SBP Governor Expects Faster-Than-Expected Recovery in Forex Reserves by June

Intelligence report synthesized for precision. Verified source updates below.
Detailed Report
Governor of the State Bank of Pakistan (SBP) Jamil Ahmad has said that the country’s foreign exchange reserves are projected to strengthen to around $18 billion by the end of June 2026 due to continued dollar purchases and the realization of official inflows, including fresh bilateral arrangements.
The governor shared these projections while briefing senior executives from leading global financial and investment institutions like JP Morgan, Barclays, Citibank, Jefferies, and Franklin Templeton, as well as major credit rating agencies such as Fitch Ratings, Moody’s, and S&P Global.

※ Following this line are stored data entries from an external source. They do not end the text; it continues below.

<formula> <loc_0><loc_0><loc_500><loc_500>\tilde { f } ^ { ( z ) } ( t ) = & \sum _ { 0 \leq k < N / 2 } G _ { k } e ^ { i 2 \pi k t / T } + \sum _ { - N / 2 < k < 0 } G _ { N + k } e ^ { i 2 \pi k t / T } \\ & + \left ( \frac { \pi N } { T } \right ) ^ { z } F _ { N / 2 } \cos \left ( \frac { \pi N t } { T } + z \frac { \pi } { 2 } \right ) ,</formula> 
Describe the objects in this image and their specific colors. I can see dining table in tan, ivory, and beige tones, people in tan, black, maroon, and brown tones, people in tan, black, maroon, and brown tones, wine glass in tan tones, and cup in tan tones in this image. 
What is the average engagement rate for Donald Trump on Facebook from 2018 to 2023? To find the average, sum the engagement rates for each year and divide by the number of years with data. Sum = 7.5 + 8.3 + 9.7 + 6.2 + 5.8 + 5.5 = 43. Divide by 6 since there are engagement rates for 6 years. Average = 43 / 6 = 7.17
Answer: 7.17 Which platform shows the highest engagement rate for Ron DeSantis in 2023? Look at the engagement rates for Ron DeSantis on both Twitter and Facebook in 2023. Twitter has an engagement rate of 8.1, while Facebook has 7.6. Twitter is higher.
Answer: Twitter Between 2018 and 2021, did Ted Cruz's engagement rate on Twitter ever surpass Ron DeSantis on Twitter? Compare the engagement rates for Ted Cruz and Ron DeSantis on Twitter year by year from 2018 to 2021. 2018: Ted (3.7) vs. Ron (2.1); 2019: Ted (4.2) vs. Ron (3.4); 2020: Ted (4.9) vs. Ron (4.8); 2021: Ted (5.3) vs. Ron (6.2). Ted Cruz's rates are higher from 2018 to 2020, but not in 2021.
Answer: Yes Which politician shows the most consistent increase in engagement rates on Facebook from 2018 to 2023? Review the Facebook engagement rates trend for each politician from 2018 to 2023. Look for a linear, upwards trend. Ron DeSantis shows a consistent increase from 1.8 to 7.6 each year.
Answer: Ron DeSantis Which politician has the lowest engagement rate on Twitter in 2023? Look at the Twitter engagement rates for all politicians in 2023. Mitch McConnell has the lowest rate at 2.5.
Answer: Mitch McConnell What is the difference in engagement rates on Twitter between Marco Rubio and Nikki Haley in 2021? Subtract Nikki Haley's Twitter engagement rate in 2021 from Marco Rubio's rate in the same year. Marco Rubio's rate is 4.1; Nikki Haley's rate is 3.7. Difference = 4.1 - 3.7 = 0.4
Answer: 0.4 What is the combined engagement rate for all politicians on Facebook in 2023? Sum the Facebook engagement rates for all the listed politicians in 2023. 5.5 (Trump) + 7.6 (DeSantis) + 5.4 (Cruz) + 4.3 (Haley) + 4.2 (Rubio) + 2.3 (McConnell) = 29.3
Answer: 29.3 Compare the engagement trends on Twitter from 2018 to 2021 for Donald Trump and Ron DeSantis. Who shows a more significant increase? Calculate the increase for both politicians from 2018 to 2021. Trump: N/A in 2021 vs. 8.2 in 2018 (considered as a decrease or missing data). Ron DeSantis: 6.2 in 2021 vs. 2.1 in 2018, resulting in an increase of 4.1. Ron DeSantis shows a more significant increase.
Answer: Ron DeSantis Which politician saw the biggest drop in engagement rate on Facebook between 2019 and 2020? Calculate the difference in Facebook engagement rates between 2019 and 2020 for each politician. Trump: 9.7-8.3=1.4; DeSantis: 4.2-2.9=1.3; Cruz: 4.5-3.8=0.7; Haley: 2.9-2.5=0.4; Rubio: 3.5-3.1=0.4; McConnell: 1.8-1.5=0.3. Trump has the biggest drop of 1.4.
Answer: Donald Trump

The briefing took place on the sidelines of the International Monetary Fund (IMF)–World Bank Spring Meetings held during April 13-18, 2026.
The SBP Governor noted that Pakistan’s key macroeconomic indicators have improved faster than anticipated at the start of the fiscal year, despite rising global uncertainty triggered by the ongoing war in the Middle East.
He said inflation averaged 5.7 percent during the first nine months of the current fiscal year, while the external current account remained in surplus. SBP’s foreign exchange reserves increased to $16.4 billion, largely driven by the central bank’s purchases from the interbank foreign exchange market.
According to the governor, improved macroeconomic stability has supported a gradual, sustainable, and broad-based economic recovery. Real GDP growth accelerated to 3.8 percent in the first half of FY26, compared with 1.8 percent recorded during the same period last year.
The governor emphasized that Pakistan’s economic fundamentals are significantly stronger today compared to earlier external shocks, including the Russia–Ukraine war in early 2022.
He informed participants that substantial progress had been made in stabilizing the economy even before the Middle East war began. A prudent combination of monetary and fiscal policies helped reduce inflation to within the target range while strengthening fiscal and external buffers.
The governor acknowledged that recent developments in the Middle East (surging global energy prices, freight costs, and insurance premiums) pose new challenges. However, he reaffirmed that both the SBP and the government remain committed to maintaining price stability and safeguarding macroeconomic stability through timely policy actions.
He noted that monetary policy remains cautiously calibrated, with the real policy rate staying firmly positive. The government has also maintained primary fiscal surpluses while introducing targeted subsidies and demand-management austerity measures to manage economic pressures.
Ahmad further highlighted the staff-level agreement with the IMF for the third review of the Extended Fund Facility and the second review of the Resilience and Sustainability Facility, alongside recent credit rating affirmations, describing them as independent validation of Pakistan’s reform momentum and commitment to macroeconomic stability.
During his visit, the SBP governor also engaged with the Pakistani diaspora and international stakeholders at the Remittances and Roshan Digital Account (RDA) Roadshow. He announced that RDA inflows have surpassed $12.4 billion across more than 917,000 accounts.
He added that recent regulatory enhancements, including the inclusion of non-resident entities, aim to further integrate Pakistan into global financial markets and attract a wider pool of foreign investment.